The task:
In the listing below, count every line that contains "named". Give nothing but the number.
(Provided entries)
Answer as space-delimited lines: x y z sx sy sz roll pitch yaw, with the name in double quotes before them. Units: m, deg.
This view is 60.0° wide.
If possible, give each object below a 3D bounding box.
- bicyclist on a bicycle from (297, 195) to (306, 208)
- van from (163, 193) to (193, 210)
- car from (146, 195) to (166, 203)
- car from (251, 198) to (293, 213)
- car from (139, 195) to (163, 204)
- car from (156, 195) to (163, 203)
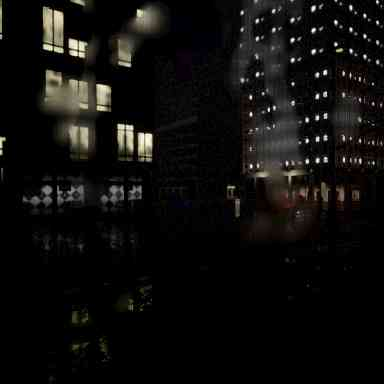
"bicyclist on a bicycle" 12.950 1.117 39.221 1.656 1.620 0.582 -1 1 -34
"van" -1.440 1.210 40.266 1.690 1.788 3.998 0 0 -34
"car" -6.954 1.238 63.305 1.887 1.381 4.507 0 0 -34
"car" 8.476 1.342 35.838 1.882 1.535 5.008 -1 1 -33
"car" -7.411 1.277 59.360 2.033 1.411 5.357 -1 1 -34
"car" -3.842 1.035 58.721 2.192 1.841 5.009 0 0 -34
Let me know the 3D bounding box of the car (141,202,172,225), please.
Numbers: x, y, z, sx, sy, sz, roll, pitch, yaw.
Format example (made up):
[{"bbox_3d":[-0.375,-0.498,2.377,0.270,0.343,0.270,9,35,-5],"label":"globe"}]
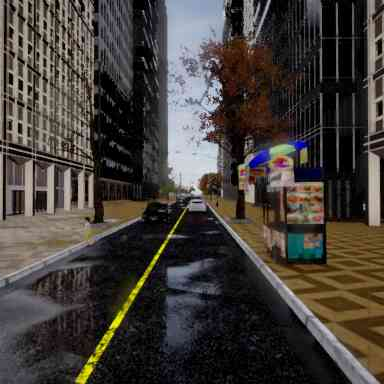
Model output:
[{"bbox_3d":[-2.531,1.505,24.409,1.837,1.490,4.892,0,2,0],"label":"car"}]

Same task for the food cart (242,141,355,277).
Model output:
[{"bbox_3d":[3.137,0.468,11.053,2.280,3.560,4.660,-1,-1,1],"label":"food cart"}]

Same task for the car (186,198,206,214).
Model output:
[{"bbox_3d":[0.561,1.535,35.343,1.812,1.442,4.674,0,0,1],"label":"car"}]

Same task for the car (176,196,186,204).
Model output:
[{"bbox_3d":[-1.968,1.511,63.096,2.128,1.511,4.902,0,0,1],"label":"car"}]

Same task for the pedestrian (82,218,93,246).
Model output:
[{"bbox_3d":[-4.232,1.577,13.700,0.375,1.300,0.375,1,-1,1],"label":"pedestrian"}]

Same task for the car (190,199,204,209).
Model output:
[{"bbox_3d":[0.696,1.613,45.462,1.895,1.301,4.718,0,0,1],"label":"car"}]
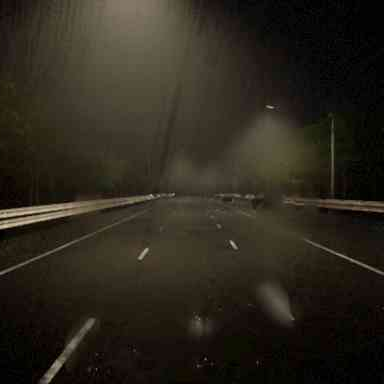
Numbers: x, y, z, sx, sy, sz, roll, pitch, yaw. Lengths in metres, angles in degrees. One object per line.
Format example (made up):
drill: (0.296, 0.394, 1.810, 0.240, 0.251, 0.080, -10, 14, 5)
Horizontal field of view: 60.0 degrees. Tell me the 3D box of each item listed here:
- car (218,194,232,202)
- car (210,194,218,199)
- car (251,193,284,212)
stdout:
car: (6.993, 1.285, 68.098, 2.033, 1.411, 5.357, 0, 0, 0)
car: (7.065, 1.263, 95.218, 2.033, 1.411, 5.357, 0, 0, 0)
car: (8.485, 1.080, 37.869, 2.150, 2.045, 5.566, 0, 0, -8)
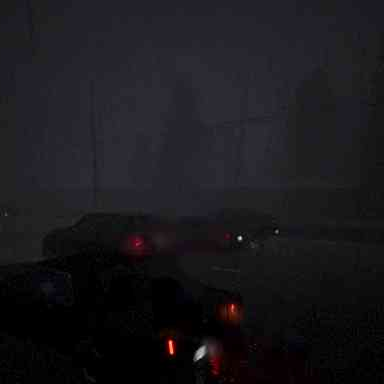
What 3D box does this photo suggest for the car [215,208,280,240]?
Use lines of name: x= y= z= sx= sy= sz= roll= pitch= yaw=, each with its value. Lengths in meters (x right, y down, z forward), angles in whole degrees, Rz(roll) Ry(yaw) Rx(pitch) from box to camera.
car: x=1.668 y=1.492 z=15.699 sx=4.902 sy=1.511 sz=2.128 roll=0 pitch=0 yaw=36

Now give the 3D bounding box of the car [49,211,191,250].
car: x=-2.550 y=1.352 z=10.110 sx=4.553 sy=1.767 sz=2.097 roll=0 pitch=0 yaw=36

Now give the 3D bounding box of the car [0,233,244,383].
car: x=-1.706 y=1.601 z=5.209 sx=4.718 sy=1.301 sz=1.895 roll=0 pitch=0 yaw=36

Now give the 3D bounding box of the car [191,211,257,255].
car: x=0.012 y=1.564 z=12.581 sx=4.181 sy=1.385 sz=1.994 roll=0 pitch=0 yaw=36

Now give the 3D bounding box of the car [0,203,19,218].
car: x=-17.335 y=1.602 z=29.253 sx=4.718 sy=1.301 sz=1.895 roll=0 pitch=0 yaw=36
(End Provided entries)
(Provided entries)
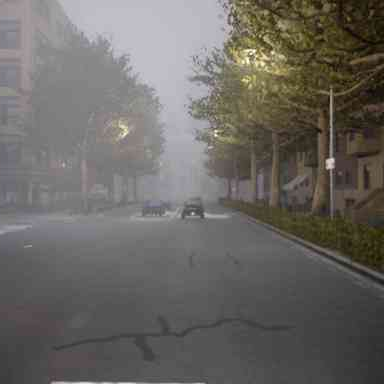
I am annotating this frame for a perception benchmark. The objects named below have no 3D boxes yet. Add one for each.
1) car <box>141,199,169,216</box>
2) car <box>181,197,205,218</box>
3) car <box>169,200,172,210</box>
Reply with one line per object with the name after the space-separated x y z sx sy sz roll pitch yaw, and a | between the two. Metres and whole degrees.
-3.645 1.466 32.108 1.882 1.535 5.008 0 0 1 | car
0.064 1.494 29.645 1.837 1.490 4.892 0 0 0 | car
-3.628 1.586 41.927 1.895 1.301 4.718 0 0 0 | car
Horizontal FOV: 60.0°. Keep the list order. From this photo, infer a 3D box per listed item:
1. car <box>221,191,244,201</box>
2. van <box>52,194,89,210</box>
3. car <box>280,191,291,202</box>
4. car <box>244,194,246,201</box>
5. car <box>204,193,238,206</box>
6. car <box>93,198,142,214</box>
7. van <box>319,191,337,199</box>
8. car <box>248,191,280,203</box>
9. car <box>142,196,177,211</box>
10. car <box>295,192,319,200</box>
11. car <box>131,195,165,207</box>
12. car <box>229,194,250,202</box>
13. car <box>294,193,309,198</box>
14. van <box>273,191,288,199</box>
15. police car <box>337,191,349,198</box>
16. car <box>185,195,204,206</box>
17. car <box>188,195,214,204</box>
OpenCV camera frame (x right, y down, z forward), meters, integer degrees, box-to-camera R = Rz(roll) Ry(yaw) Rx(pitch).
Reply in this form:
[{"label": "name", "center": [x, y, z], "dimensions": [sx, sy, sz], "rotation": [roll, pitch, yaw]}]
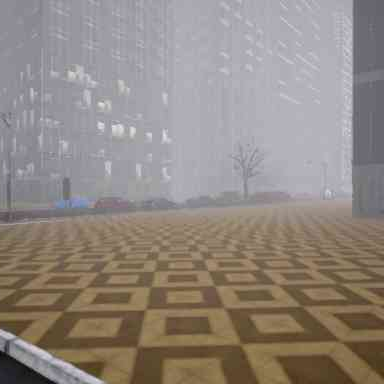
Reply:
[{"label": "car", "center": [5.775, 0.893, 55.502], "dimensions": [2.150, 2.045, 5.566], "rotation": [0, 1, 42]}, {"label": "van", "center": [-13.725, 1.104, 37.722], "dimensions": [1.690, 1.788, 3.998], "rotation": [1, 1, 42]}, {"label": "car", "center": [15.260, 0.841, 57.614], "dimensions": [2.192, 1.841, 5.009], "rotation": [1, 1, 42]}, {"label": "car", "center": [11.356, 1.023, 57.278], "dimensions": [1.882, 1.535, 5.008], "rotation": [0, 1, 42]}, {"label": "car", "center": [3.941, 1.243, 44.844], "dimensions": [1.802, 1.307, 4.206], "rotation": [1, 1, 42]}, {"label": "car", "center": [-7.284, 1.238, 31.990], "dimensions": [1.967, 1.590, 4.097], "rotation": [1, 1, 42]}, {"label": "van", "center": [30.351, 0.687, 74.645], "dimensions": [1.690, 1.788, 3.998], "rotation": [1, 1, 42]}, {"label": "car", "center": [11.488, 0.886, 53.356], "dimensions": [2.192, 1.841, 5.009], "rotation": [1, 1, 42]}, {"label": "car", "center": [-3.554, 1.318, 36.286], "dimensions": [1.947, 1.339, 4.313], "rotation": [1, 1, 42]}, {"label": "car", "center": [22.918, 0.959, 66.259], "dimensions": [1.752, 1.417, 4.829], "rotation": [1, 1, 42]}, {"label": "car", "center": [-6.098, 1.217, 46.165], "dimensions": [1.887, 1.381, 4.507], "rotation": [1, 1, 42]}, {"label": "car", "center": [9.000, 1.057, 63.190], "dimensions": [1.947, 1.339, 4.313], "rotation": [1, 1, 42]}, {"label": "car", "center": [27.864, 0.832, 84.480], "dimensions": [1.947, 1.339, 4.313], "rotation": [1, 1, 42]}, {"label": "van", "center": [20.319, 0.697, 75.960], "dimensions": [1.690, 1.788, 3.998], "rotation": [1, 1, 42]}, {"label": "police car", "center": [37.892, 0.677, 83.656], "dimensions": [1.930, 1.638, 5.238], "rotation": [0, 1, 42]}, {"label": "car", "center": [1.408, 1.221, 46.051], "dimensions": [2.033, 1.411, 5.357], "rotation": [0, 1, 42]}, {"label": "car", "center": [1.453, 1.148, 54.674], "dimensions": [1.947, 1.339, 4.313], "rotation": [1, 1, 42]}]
(End Provided entries)
(Provided entries)
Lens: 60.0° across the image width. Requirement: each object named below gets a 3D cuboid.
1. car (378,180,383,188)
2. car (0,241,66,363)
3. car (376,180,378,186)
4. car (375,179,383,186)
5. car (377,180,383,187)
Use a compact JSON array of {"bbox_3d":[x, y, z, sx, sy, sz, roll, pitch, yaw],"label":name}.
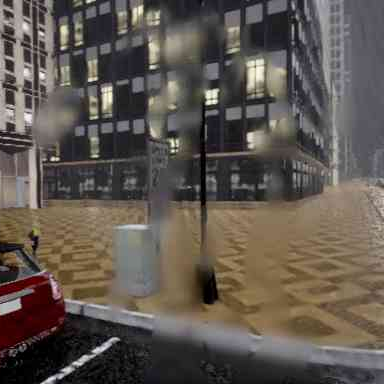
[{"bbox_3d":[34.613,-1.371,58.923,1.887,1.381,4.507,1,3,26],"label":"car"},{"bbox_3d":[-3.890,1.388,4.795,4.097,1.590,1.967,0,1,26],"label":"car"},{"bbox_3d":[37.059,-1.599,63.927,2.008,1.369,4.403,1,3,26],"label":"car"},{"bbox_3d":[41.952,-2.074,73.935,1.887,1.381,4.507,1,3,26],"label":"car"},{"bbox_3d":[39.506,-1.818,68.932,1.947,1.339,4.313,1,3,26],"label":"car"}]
(End Provided entries)
Output for this task:
2